Example 192/199 Proposal
Major: Computer Science and Engineering Major
Course: ECS 199, 3 units, Spring 2001
Instructor: Michael Gertz
MAINTAINING INTEGRITY CONSTRAINTS ON XML DATA IN ORACLE 8i
The objective of this project is to determine a way that XML data, stored in Oracle 8i, can be maintained with database integrity constraints.
XML is fast becoming an important method for exchanging data across the Internet. As XML becomes more popular, however, there will need to be a way to ensure that the data being exchanged is valid and consistent with a defined schema. Part of ensuring consistent data is maintaining and implementing integrity constraints such as keys, cardinality ratios and other important business rules. There is currently no specification as to how such integrity constraints are enforced in a database management system, such as Oracle 8i, that stores such XML data.
In doing this research project, we hope to achieve the following goals: To learn how XML DTDs and XML data can be stored in Oracle 8i. To use this information to determine how integrity constraints on this data, such as primary keys, foreign keys and cardinality ratios, can be specified and stored. To determine a method for enforcing these integrity constraints, possibly through the use of triggers. To develop a simplified syntax for defining integrity constraints in an XML document. To develop an easy and efficient method for automating the translation from integrity constraints described in an XML document to enforceable integrity constraints within the database management system.
We will begin the project by studying how XML data is stored in Oracle 8i. We'll begin by consulting online documentation from Oracle as well as from the World Wide Web Consortium (W3C) regarding Oracle's treatment of XML data and XML specifications. Also, we will refer to Building Oracle XML Applications by Steve Muench as another valuable resource on Oracle and XML.
We will then study possible methods for storing integrity constraints on that data that are similar in nature to the way normal integrity constraints are stored on typical database data. We expect that there may be some very simple, but not extensive, method for enforcing integrity constraints already available within Oracle. This method, however, may not involve treating XML data as different from other data stored in the database. For instance, simply storing an entire XML document as a text file in a database and parsing the file to confirm it's well-formedness is NOT NEARLY ENOUGH to consider that as XML data. Therefore, we will look for some more intense methods that consider XML data as a unique type of data within the database. One method in particular that we will focus on is mapping the XML document structure directly into a table, or a set of tables in the database. Another important aspect we will consider is critical operations.
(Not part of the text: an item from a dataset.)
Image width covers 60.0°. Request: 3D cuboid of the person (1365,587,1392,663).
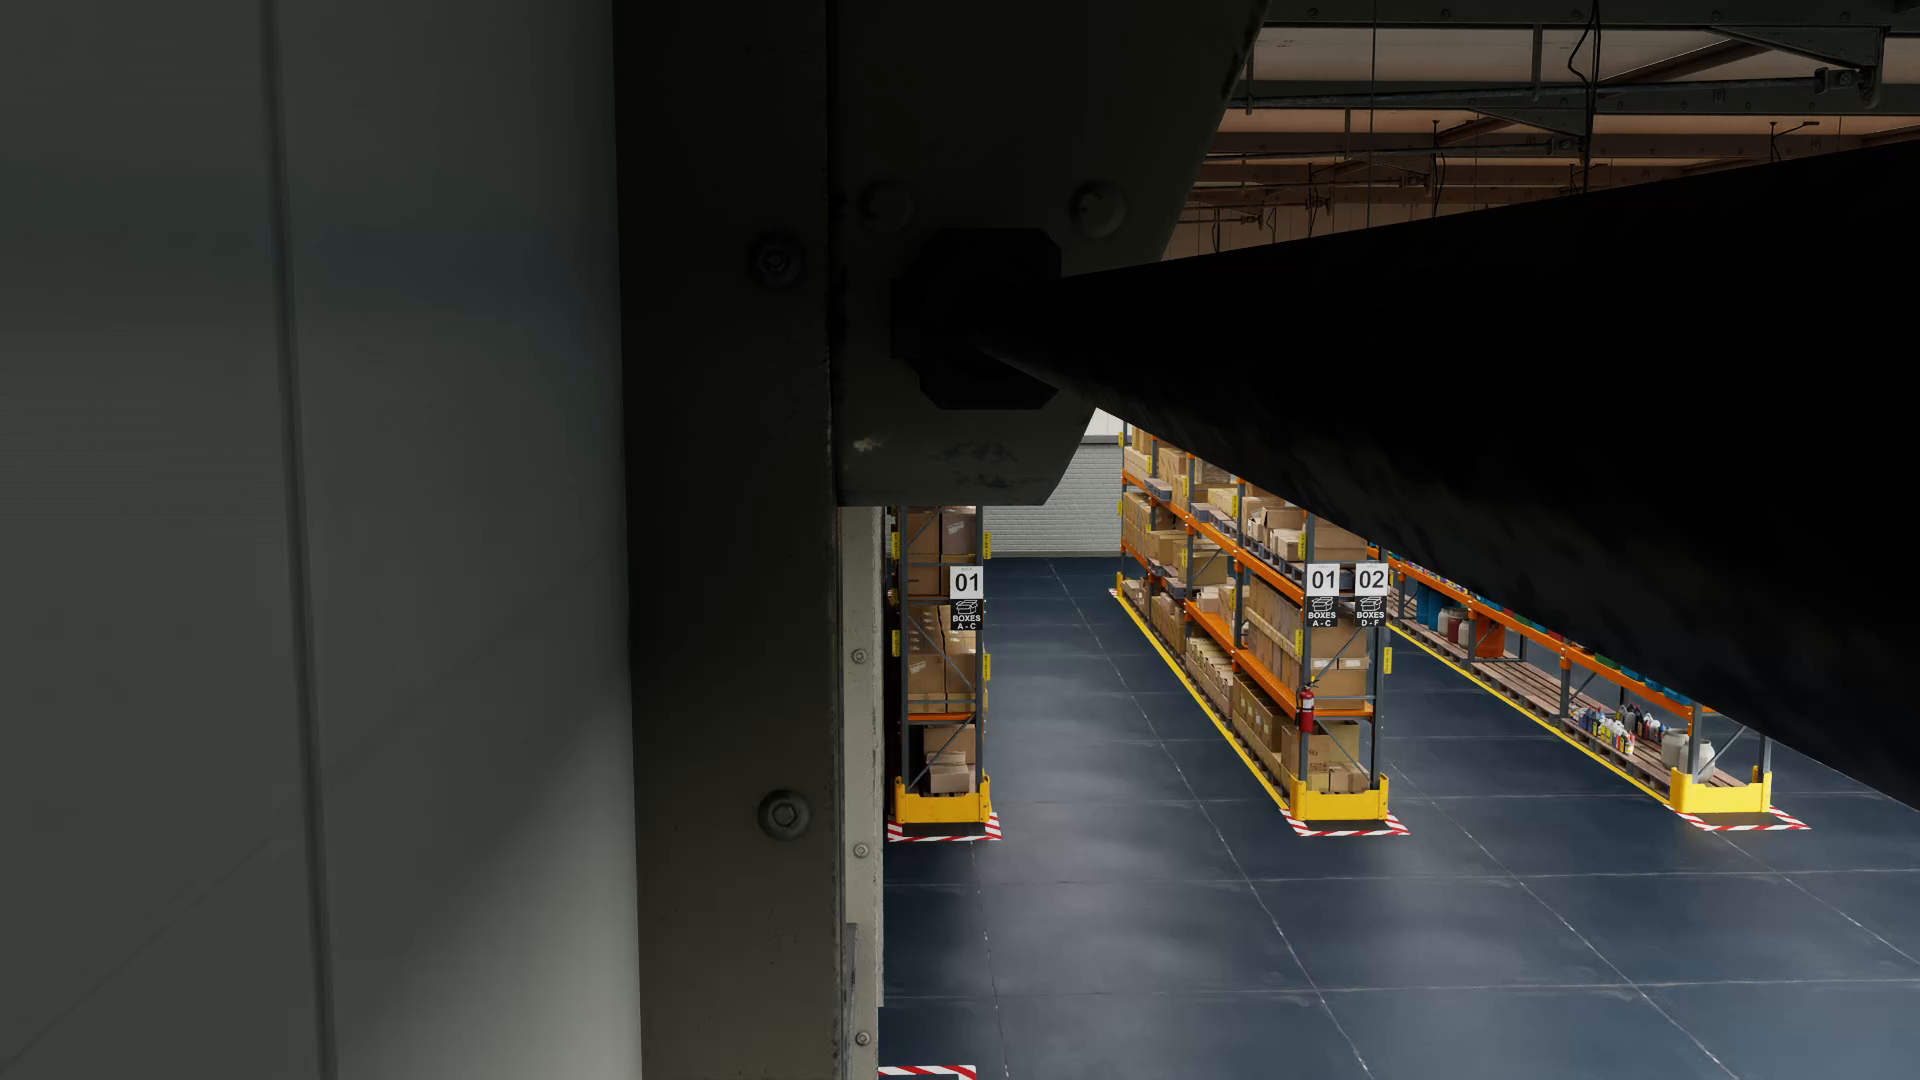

If we are to enforce integrity constraints, we will need to assess the actions that could cause the XML data to become inconsistent. Almost certainly, updating an XML document will be one such critical operation that we will consider handling.
We will study which, if any, of the methods we discover can be reasonably implemented and find the most efficient one. This will involve examining the theory behind these methods and considering the costs, in terms of speed, reliability, and ease of use, associated with each method. We will also create some sample XML documents and test whether the methods are acceptable in practice.
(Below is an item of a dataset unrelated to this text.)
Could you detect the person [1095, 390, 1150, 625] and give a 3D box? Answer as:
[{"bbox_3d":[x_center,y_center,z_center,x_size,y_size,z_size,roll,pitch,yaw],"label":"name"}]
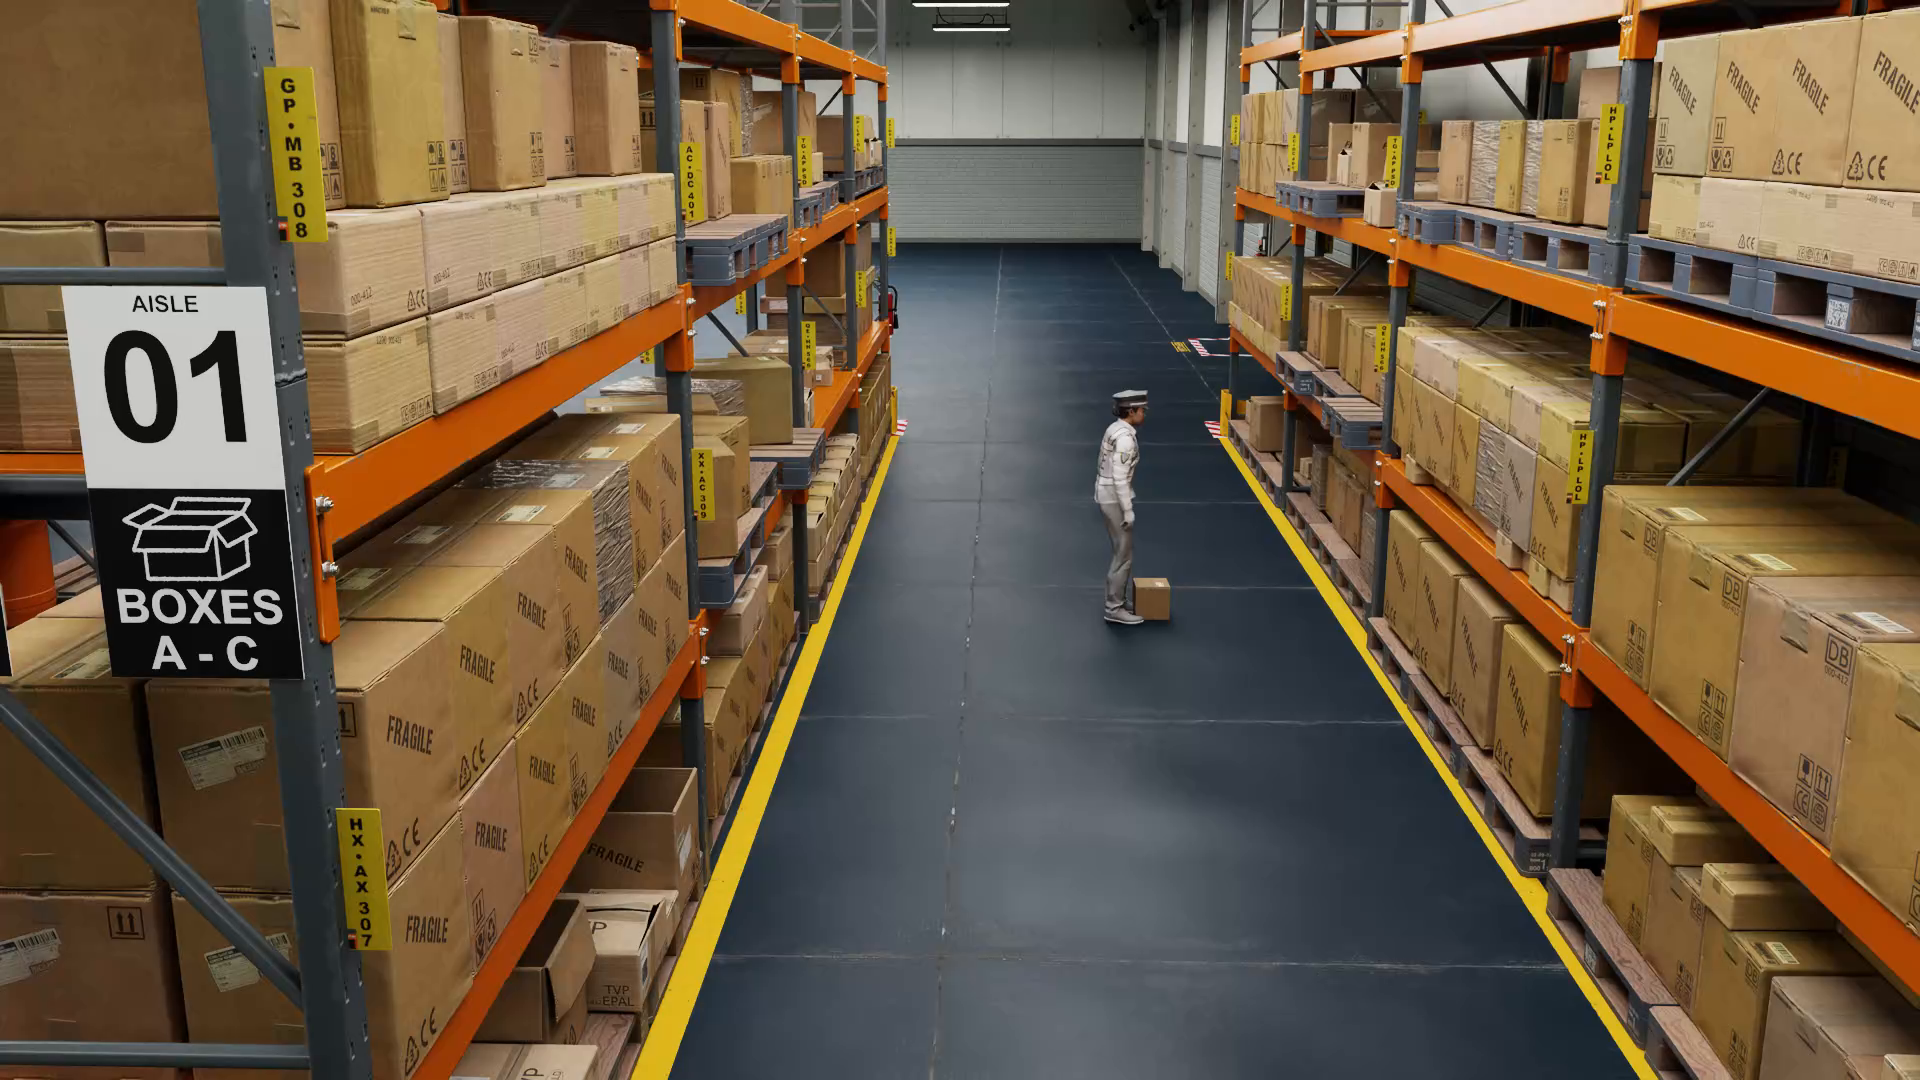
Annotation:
[{"bbox_3d":[1.178,-0.253,12.008,0.404,1.663,0.537,0,14,0],"label":"person"}]

We will also study ways in which integrity constraints may be enforced on XML data stored in the database. Our initial assumption is that database triggers can be written for all integrity constraints and that they can be activated any time that the XML data is accessed. We will, however, also consider other features already built in to Oracle, as well as possibly creating a new feature not currently supported.
Finally, based on the way integrity constraints are stored and enforced, we will study ways in which such integrity constraints may be specified in an XML document. This will involve looking at various XML schema languages such as XML Schema and Schematron to find an efficient, simple method for defining primary key, foreign key and cardinality constraints in the XML Document Type Definition. We must recognize that there may be long term consequences that result from this research. Most notably, we hope to be able to begin a process by which more expressive schema languages are developed and XML data is stored and maintained within a database management system more efficiently. Also, we hope that this research will ultimately lead to a way of transmitting data across the world efficiently, easily, and safely.
As this project focuses mainly on database issues, I will draw a great deal of knowledge from my work in course 165A. This project will give me a chance to take the basic principles of relational databases and apply them to a brand new type of data. I hope that this application will give me a more broad understanding of these principles in that I will learn new ways to use similar ideas. In perhaps a more obscure way, I will be using the skills I have learned in course 140A to help me learn and understand the syntax and semantics of a new computer language, which XML is to me.